In the data below, find the lines containing "with" and say how many there are, nothing more.

--- START ---

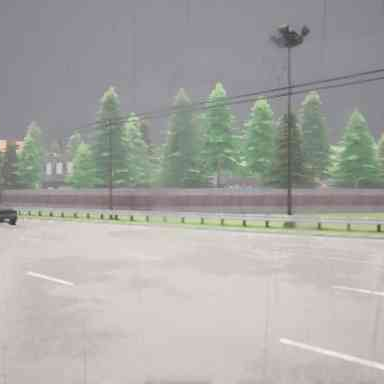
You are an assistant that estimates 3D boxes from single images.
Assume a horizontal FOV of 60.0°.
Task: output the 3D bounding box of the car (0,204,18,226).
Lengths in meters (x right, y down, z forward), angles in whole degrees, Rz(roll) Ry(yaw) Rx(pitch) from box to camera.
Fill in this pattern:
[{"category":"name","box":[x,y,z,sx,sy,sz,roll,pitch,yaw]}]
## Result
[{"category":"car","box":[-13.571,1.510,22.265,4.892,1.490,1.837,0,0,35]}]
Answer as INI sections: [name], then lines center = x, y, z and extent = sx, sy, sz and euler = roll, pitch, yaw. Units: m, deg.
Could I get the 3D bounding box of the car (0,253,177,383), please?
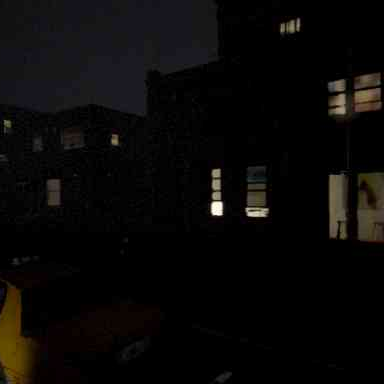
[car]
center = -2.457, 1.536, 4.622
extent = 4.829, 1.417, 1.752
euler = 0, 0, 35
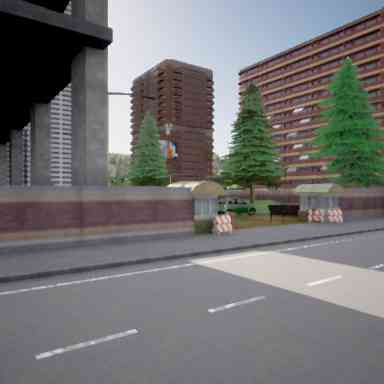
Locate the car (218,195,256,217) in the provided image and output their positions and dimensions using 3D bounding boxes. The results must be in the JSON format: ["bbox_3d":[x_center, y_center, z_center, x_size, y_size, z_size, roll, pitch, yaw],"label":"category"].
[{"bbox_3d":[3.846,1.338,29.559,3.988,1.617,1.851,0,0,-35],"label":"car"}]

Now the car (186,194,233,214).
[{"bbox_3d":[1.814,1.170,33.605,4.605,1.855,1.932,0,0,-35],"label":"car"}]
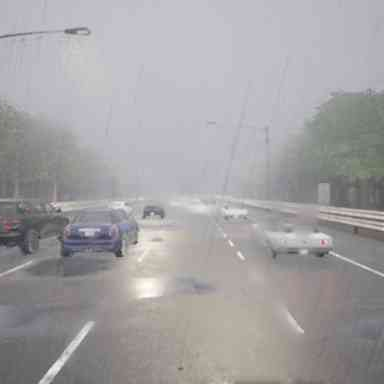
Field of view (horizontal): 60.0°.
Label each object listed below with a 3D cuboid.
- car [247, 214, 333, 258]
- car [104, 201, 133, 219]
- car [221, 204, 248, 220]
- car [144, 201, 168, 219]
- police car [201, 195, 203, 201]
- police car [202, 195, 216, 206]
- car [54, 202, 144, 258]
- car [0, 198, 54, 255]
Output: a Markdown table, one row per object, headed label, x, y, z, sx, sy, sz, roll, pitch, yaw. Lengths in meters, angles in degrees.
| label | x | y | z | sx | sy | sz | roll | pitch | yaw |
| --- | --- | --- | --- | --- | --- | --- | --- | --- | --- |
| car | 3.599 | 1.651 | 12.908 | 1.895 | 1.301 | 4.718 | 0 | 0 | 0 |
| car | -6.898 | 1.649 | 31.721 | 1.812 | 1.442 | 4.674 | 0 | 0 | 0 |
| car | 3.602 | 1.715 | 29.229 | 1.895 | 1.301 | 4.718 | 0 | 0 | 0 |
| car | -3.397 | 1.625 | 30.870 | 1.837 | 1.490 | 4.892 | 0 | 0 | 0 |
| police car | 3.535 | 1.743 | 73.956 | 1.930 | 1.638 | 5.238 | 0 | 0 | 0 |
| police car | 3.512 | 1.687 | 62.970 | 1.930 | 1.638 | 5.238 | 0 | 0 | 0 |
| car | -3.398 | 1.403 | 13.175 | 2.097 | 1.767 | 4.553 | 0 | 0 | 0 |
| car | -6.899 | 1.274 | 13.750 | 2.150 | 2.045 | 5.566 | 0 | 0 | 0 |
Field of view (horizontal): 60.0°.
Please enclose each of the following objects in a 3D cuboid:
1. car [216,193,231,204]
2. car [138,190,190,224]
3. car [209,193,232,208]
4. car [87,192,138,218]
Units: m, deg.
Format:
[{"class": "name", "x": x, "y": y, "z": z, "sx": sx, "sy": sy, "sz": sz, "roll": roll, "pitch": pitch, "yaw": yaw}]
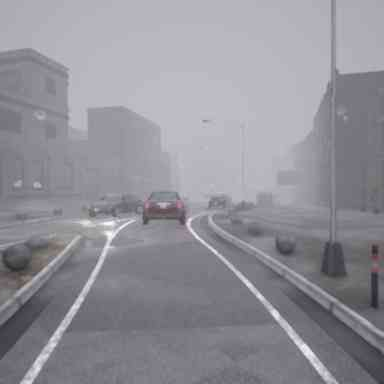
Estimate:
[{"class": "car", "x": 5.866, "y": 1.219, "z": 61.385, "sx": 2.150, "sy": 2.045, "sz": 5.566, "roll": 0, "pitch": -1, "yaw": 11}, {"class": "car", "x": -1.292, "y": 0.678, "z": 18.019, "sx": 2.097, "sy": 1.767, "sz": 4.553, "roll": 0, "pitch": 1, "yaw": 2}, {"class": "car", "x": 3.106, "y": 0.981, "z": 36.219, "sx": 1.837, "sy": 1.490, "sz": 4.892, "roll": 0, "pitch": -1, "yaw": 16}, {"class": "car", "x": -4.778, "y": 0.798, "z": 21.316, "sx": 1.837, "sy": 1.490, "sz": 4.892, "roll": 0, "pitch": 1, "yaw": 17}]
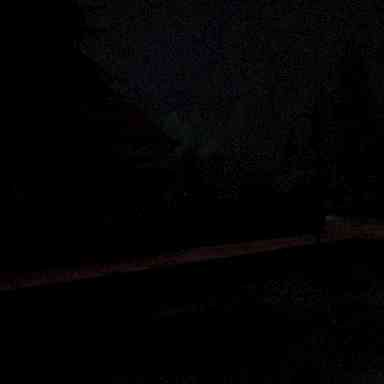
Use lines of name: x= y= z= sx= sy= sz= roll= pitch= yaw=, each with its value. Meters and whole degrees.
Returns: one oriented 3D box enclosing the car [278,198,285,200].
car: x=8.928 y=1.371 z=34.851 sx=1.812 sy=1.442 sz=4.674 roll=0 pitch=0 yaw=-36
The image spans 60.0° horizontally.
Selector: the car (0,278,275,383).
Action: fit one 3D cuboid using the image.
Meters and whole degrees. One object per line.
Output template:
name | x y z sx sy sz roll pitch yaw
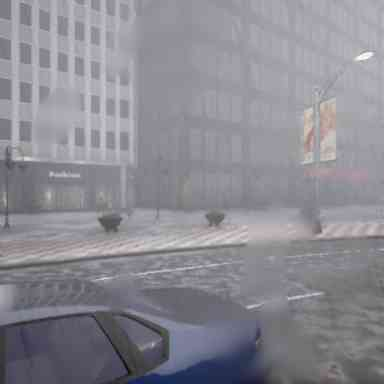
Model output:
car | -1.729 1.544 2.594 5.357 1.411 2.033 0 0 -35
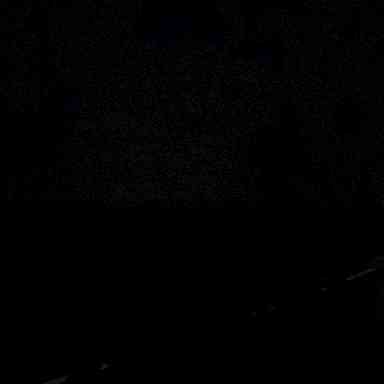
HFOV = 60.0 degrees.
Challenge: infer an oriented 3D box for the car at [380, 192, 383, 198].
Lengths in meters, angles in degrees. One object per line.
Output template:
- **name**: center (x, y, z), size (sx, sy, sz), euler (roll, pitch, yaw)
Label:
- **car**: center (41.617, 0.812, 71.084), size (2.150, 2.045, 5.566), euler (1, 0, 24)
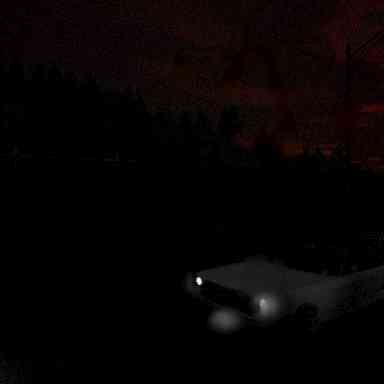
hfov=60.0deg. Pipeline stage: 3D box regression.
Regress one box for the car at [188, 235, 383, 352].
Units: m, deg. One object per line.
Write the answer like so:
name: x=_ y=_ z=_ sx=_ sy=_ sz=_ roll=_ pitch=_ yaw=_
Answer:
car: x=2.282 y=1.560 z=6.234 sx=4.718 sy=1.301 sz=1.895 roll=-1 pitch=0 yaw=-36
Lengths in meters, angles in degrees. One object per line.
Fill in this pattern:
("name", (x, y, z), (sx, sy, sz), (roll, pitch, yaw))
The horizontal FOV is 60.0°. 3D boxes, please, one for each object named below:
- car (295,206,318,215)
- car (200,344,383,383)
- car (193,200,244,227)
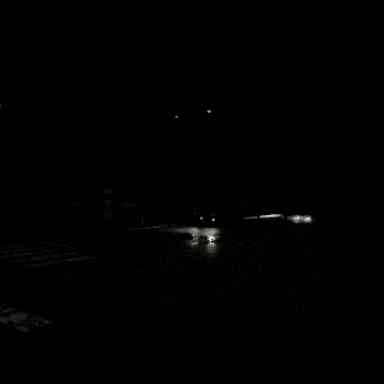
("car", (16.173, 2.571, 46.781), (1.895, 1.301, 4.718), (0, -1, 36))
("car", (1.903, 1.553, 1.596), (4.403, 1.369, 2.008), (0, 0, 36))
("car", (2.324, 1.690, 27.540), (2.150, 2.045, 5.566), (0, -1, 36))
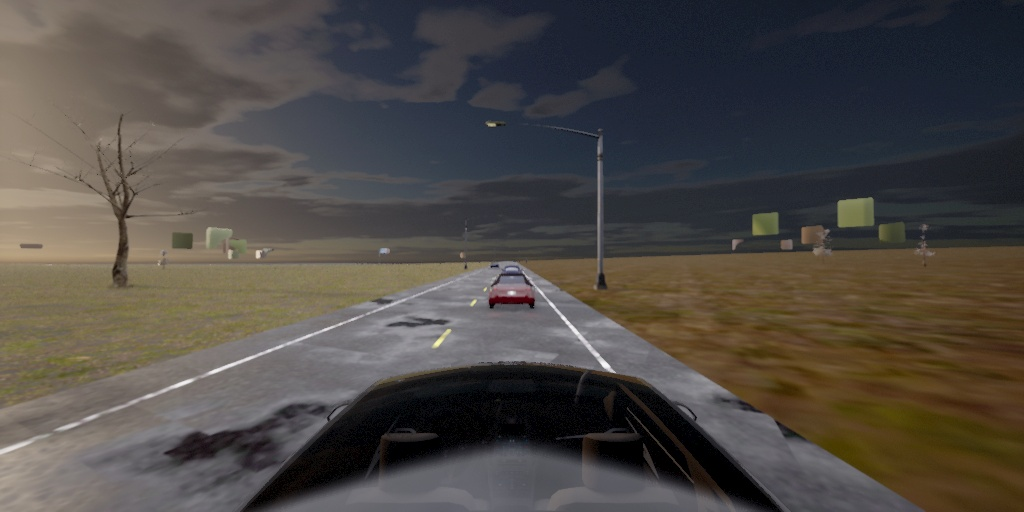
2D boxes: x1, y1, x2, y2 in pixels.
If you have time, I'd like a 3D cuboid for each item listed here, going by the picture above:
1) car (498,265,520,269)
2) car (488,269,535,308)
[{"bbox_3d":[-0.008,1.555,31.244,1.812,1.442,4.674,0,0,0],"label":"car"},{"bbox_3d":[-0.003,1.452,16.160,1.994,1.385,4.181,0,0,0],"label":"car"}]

--- END ---

● **Problem solution**: 2